▶ **Work instructions**
Could you give the number of lines in the entries below that contain the word "object"? Only the number is wanted.

▶ **Entries provided**

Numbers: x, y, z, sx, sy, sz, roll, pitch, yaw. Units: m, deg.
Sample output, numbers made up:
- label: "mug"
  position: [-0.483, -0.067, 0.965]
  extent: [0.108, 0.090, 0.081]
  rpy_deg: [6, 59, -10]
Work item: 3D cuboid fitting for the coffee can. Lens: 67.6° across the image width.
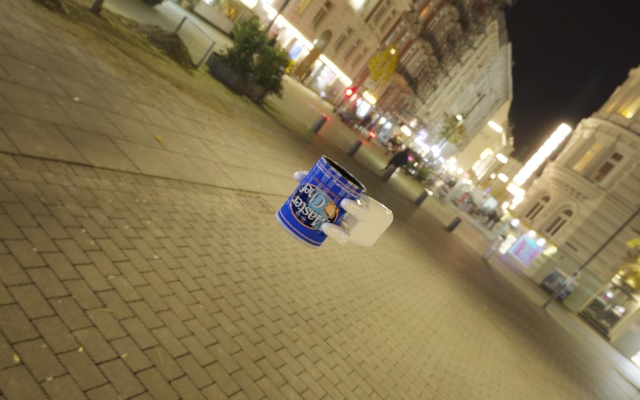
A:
- label: "coffee can"
  position: [0.000, 0.003, 0.869]
  extent: [0.103, 0.140, 0.102]
  rpy_deg: [37, 12, -9]
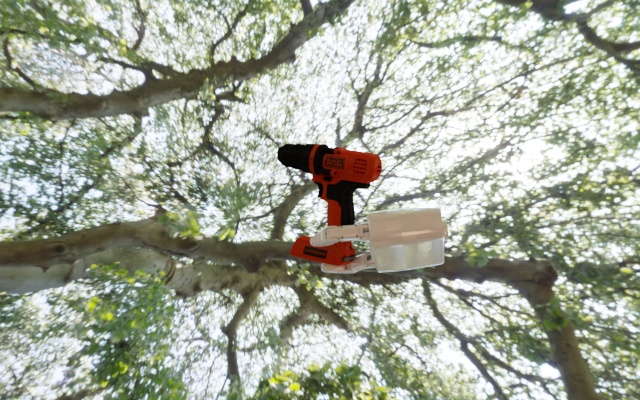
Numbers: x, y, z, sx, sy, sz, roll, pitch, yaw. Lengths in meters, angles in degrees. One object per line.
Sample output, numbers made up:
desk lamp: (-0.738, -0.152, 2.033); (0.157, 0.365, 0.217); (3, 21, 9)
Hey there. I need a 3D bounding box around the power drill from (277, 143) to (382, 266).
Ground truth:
power drill: (0.000, 0.003, 0.776); (0.184, 0.187, 0.057); (11, 8, 28)
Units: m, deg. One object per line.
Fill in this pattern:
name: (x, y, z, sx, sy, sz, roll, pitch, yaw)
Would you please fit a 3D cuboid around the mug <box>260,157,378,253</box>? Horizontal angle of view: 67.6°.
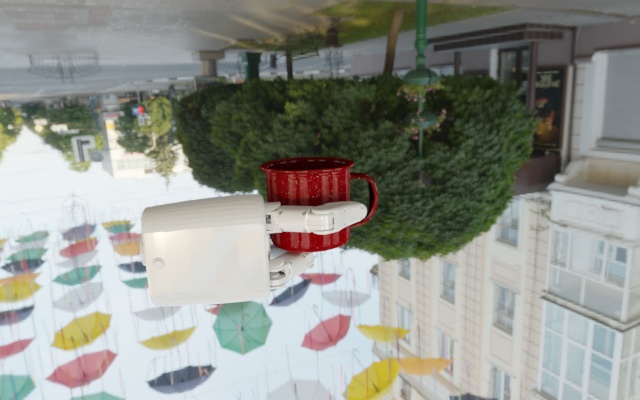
mug: (0.002, 0.002, 0.483, 0.117, 0.081, 0.093, -4, 13, -8)
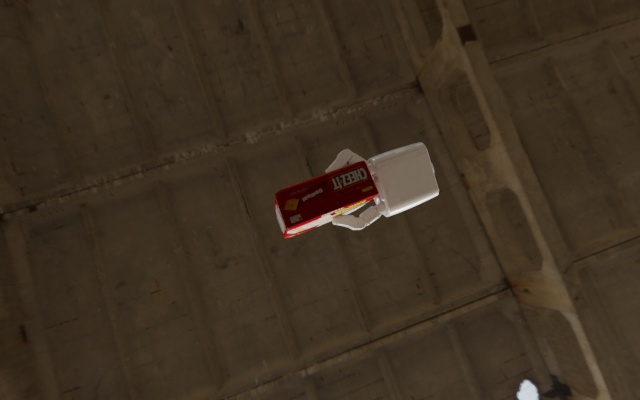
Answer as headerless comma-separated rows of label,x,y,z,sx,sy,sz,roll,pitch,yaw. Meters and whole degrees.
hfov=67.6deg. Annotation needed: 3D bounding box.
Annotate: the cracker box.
cracker box,0.000,0.003,0.878,0.164,0.072,0.214,-21,-6,-8

▶ **Answer box**
2